Our relationship to our bodies is, in a lot of ways, rooted in what sexual organs we have, and even though gender is largely a social construct, there's a root of reality in there that trans people experience as distress.
That same dysphoric reaction doesn't exist for people pretending to be a different race because race isn't rooted in a physical reality in the way gender is. You also don't see these people who switch races using the same descriptions of dysphoria as many trans people do.
It's very often that a person chooses to be perceived as a different race because they consider it advantageous for them to do so - white women pose as black women because they believe that identity affords them authority to speak on "black" issues that whiteness precludes.

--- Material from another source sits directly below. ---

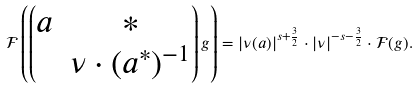Convert formula to latex. <formula><loc_0><loc_0><loc_500><loc_500>\mathcal { F } \left ( \begin{pmatrix} a & * \\ & \nu \cdot ( a ^ { * } ) ^ { - 1 } \end{pmatrix} g \right ) = | \nu ( a ) | ^ { s + \frac { 3 } { 2 } } \cdot | \nu | ^ { - s - \frac { 3 } { 2 } } \cdot \mathcal { F } ( g ) .</formula>

Note that Krug and Dolezal took on blackness in a very particular way: they took on the respectable black woman stereotype. It's important that both of these women are involved in academia - these women thought "I'd be able to speak better on this if I was black.'
So instead of acknowledging that taking on blackness was not their place, they instead fetishized and cannabilized black womanhood for their own ends, to be seen as more authoritative speaking to an experience they lacked access to.
Whereas a trans person will frequently have an uneasiness and dysphoric experiences before they found the language to describe what they were, these women who "became black" did so simply because they felt it advantageous to do so.
Krug, in particular, describes this with an awareness that she was deceiving people - as opposed to the transgender experience where trans people experience fear because they are living their truth but accused wrongly of deception.
The two experiences are so wildly different in how they manifest and how the individual views themselves and their relationships to society that it is to compare apples to oranges.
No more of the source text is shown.